*WHAT THIS TASK INVOLVES*: Print every line of the listing below, starting with the line that holds "Your answer should be very brief. Year." and going on through the line that holds "Your response must be concise. 0.07.", both included, and print nothing else.

RECORD EXTRACTS START

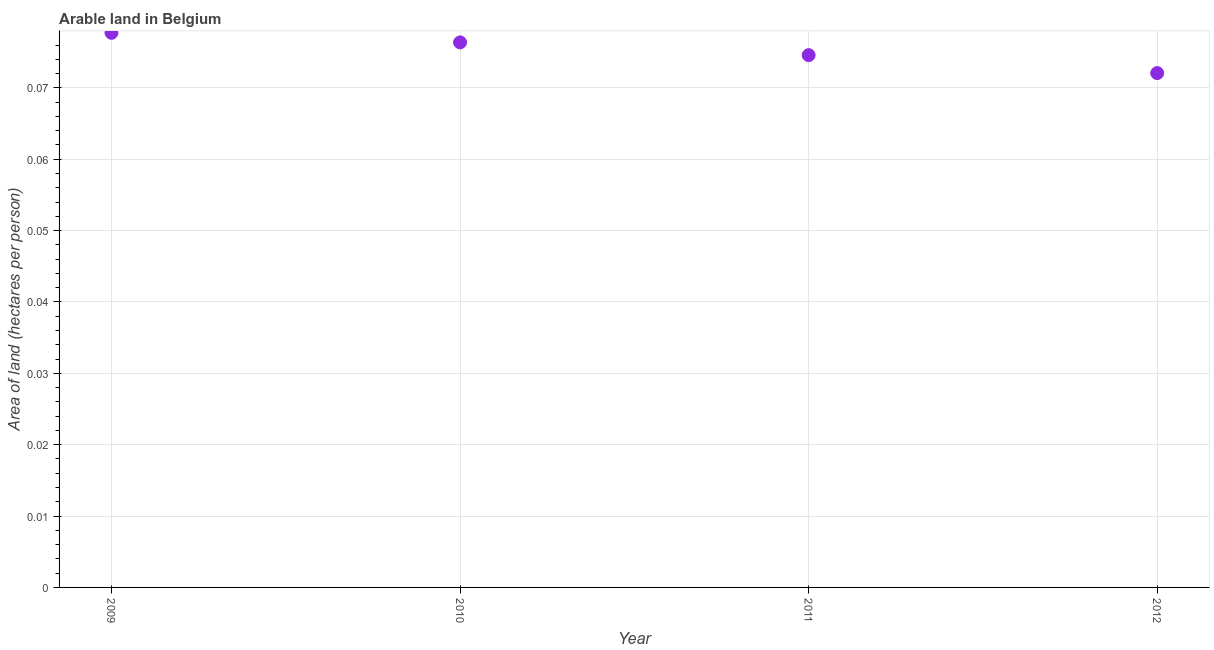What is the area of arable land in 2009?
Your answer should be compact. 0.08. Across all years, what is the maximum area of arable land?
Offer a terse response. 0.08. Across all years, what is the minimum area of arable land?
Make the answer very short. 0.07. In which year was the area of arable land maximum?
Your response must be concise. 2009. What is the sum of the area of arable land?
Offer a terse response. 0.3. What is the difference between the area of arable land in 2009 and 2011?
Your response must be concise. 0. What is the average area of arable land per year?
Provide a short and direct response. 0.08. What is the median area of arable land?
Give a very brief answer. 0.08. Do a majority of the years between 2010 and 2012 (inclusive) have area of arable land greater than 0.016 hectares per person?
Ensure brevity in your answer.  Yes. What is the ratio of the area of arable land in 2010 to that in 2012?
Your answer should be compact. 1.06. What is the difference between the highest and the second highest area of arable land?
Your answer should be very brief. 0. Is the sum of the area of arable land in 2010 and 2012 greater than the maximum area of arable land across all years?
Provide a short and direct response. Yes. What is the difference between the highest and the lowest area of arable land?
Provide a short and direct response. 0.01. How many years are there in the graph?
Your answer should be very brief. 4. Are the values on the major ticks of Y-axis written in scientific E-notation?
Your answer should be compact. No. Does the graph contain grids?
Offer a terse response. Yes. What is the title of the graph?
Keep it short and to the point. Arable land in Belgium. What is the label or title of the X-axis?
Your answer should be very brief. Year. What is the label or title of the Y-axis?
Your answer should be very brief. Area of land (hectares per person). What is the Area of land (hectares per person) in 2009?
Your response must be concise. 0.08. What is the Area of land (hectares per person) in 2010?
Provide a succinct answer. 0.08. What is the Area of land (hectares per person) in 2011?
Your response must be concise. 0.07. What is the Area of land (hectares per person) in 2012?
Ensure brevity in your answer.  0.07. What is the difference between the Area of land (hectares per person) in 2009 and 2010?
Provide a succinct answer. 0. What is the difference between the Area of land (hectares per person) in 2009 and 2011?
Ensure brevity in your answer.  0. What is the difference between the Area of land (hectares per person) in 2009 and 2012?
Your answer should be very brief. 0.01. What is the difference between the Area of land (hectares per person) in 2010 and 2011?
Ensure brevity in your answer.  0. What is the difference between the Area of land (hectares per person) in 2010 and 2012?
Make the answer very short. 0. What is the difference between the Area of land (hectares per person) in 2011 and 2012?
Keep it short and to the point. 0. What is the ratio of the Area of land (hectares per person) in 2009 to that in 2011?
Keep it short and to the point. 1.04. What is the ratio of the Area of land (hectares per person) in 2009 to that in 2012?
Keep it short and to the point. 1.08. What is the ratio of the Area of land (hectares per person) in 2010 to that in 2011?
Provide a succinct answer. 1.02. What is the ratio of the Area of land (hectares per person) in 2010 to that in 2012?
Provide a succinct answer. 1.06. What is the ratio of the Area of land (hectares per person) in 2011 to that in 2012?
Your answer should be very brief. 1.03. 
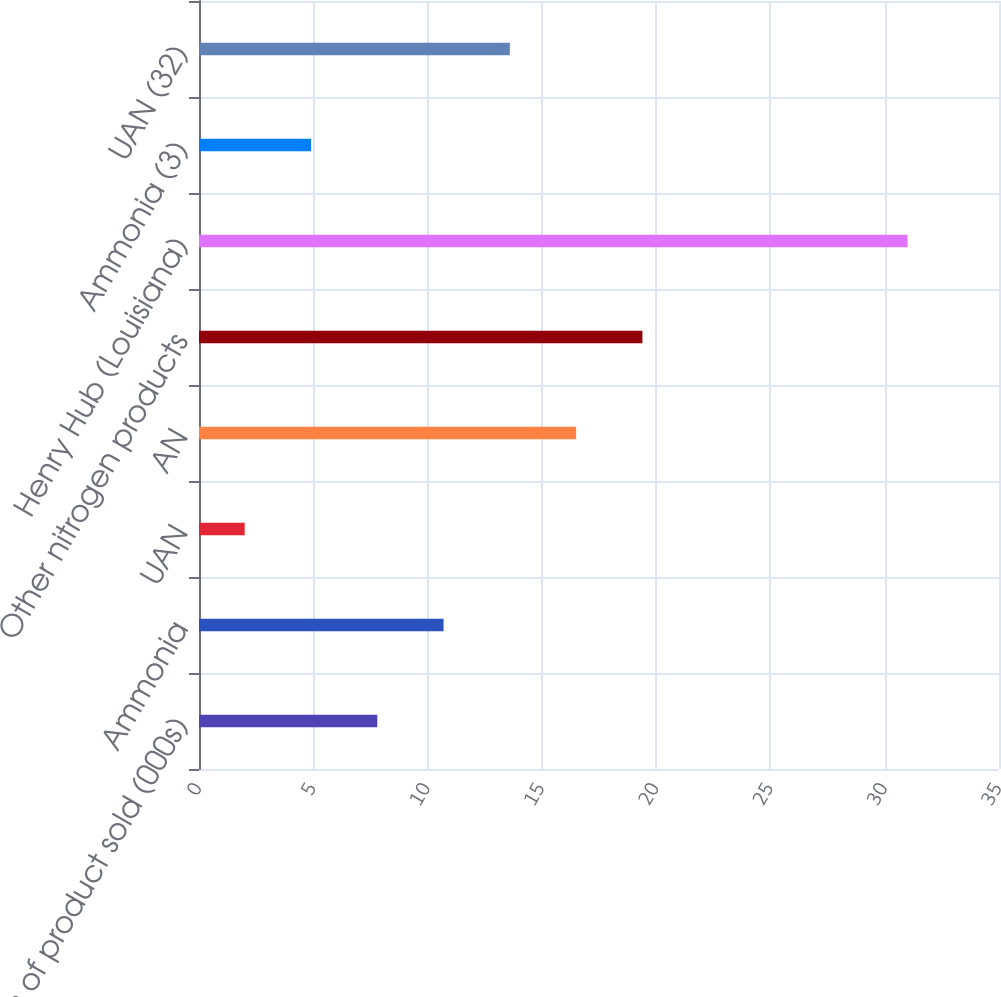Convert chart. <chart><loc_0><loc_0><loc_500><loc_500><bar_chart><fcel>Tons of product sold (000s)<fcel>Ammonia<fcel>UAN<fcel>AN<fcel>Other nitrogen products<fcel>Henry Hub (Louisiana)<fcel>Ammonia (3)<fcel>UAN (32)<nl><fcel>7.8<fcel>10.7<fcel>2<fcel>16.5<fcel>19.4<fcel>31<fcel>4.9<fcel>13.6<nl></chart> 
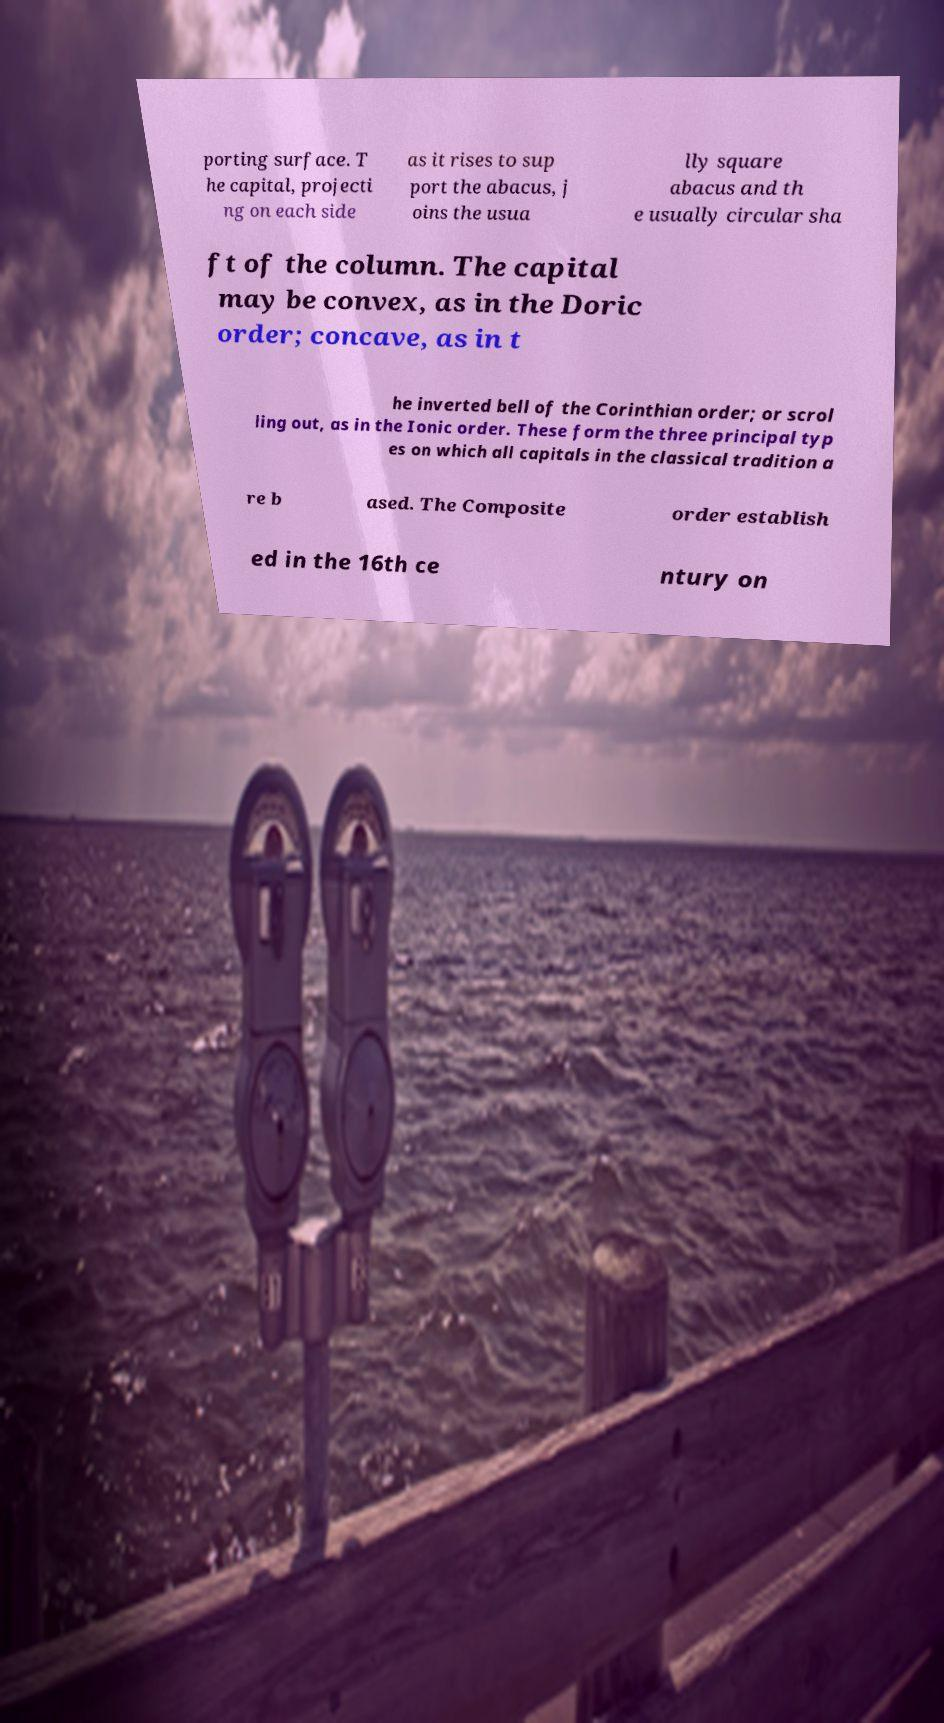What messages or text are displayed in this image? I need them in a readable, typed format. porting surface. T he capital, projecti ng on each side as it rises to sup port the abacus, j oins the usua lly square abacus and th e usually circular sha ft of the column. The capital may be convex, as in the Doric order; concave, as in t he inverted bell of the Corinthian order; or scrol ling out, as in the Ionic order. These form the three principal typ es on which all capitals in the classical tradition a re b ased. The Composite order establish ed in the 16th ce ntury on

RECORD EXTRACTS END

*RESULT*:
Your answer should be very brief. Year. What is the label or title of the Y-axis?
Your answer should be very brief. Area of land (hectares per person). What is the Area of land (hectares per person) in 2009?
Your response must be concise. 0.08. What is the Area of land (hectares per person) in 2010?
Provide a succinct answer. 0.08. What is the Area of land (hectares per person) in 2011?
Your response must be concise. 0.07. What is the Area of land (hectares per person) in 2012?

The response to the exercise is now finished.